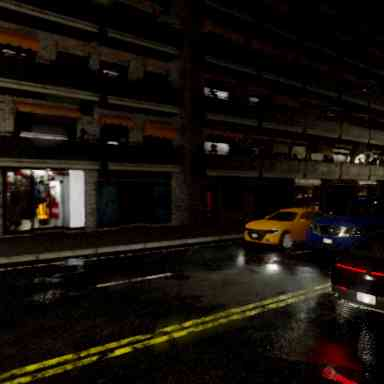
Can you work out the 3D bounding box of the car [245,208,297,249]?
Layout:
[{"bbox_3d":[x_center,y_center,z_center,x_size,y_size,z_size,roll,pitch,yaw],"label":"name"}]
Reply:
[{"bbox_3d":[4.542,1.482,14.782,5.008,1.535,1.882,0,0,-35],"label":"car"}]

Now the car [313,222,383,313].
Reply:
[{"bbox_3d":[4.842,1.505,6.889,4.892,1.490,1.837,0,0,-35],"label":"car"}]

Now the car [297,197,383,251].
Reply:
[{"bbox_3d":[6.597,1.219,12.252,5.566,2.045,2.150,0,0,-35],"label":"car"}]
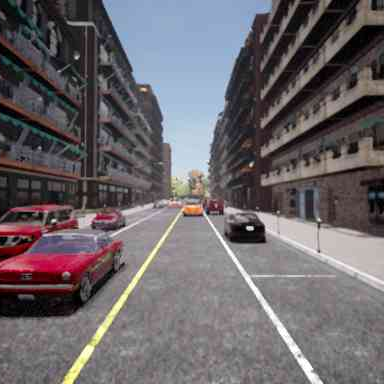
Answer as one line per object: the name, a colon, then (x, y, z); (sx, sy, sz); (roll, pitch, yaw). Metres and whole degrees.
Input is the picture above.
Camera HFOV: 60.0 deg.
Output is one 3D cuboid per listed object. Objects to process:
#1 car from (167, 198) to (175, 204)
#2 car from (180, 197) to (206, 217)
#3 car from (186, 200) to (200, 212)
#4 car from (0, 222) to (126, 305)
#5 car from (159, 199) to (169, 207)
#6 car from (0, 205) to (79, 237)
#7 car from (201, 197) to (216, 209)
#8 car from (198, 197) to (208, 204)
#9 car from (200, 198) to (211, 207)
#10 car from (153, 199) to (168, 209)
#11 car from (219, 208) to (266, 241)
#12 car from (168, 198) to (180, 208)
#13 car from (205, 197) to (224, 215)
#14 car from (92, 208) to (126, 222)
car: (-5.638, 2.433, 89.805); (1.752, 1.417, 4.829); (1, -1, 0)
car: (0.111, 1.718, 36.684); (2.097, 1.767, 4.553); (0, -1, 0)
car: (0.105, 1.941, 46.355); (1.882, 1.535, 5.008); (0, 0, 0)
car: (-3.098, 1.685, 8.427); (1.895, 1.301, 4.718); (0, -1, 0)
car: (-5.649, 2.203, 67.536); (1.752, 1.417, 4.829); (1, -1, 0)
car: (-5.673, 1.435, 12.030); (2.192, 1.841, 5.009); (1, -1, 0)
car: (2.728, 1.881, 56.534); (2.192, 1.841, 5.009); (1, -1, 0)
car: (2.742, 2.167, 84.373); (2.192, 1.841, 5.009); (1, -1, 0)
car: (2.732, 2.120, 67.669); (1.967, 1.590, 4.097); (1, -1, 0)
car: (-5.655, 2.117, 56.569); (2.008, 1.369, 4.403); (1, -1, 0)
car: (2.706, 1.741, 17.558); (1.947, 1.339, 4.313); (1, -1, 0)
car: (-2.998, 1.944, 59.141); (2.097, 1.767, 4.553); (0, 0, 0)
car: (2.720, 1.713, 39.832); (2.192, 1.841, 5.009); (1, -1, 0)
car: (-5.672, 1.813, 23.163); (1.802, 1.307, 4.206); (1, -1, 0)
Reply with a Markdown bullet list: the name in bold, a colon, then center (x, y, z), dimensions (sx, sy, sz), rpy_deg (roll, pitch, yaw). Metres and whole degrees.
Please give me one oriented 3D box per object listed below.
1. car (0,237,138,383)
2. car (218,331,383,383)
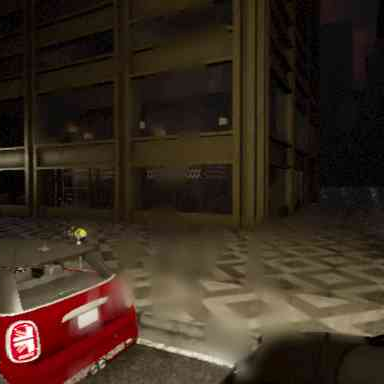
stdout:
- **car**: center (-2.821, 1.334, 4.372), dimensions (4.097, 1.590, 1.967), rpy_deg (0, 2, 27)
- **car**: center (2.181, 1.500, 1.853), dimensions (4.313, 1.339, 1.947), rpy_deg (0, 2, 27)
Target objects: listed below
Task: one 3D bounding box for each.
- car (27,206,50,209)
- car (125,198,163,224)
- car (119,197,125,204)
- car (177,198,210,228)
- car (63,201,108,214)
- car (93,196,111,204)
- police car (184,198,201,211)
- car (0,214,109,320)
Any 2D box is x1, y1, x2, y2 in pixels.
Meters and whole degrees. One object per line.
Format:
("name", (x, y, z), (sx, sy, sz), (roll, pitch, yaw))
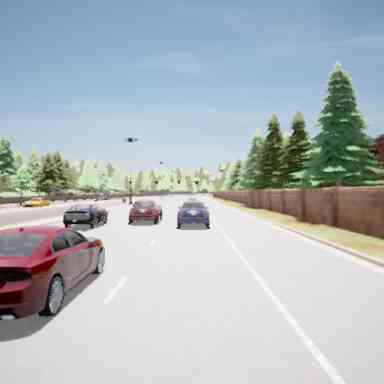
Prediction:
("car", (-21.109, 1.534, 45.588), (1.882, 1.535, 5.008), (0, 0, 0))
("car", (-3.423, 1.383, 25.246), (2.097, 1.767, 4.553), (0, 0, 0))
("car", (-14.144, 1.634, 66.449), (2.033, 1.411, 5.357), (0, 0, -1))
("car", (0.079, 1.380, 22.659), (2.097, 1.767, 4.553), (0, 0, 0))
("car", (-6.920, 1.519, 22.051), (2.128, 1.511, 4.902), (0, 0, 0))
("car", (-17.649, 1.586, 65.269), (2.128, 1.511, 4.902), (0, 0, 1))
("police car", (0.061, 1.558, 42.889), (2.038, 1.542, 4.974), (0, 0, 0))
("car", (-3.407, 1.487, 7.482), (1.882, 1.535, 5.008), (0, 0, 0))
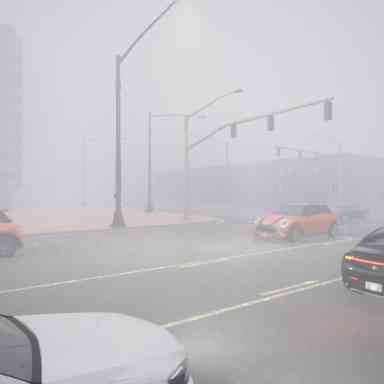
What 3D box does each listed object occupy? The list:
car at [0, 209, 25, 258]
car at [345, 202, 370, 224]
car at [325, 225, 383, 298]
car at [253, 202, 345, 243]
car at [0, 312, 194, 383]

□ □ □ □

**WORK INSTRUCTION**
Reproduce the final stretch of the data above: every line from the one holding "What 3D box" through the end, inclusive, exactly as written and nothing else.

**WRITTEN ANSWER**
What 3D box does each listed object occupy? The list:
car at [0, 209, 25, 258]
car at [345, 202, 370, 224]
car at [325, 225, 383, 298]
car at [253, 202, 345, 243]
car at [0, 312, 194, 383]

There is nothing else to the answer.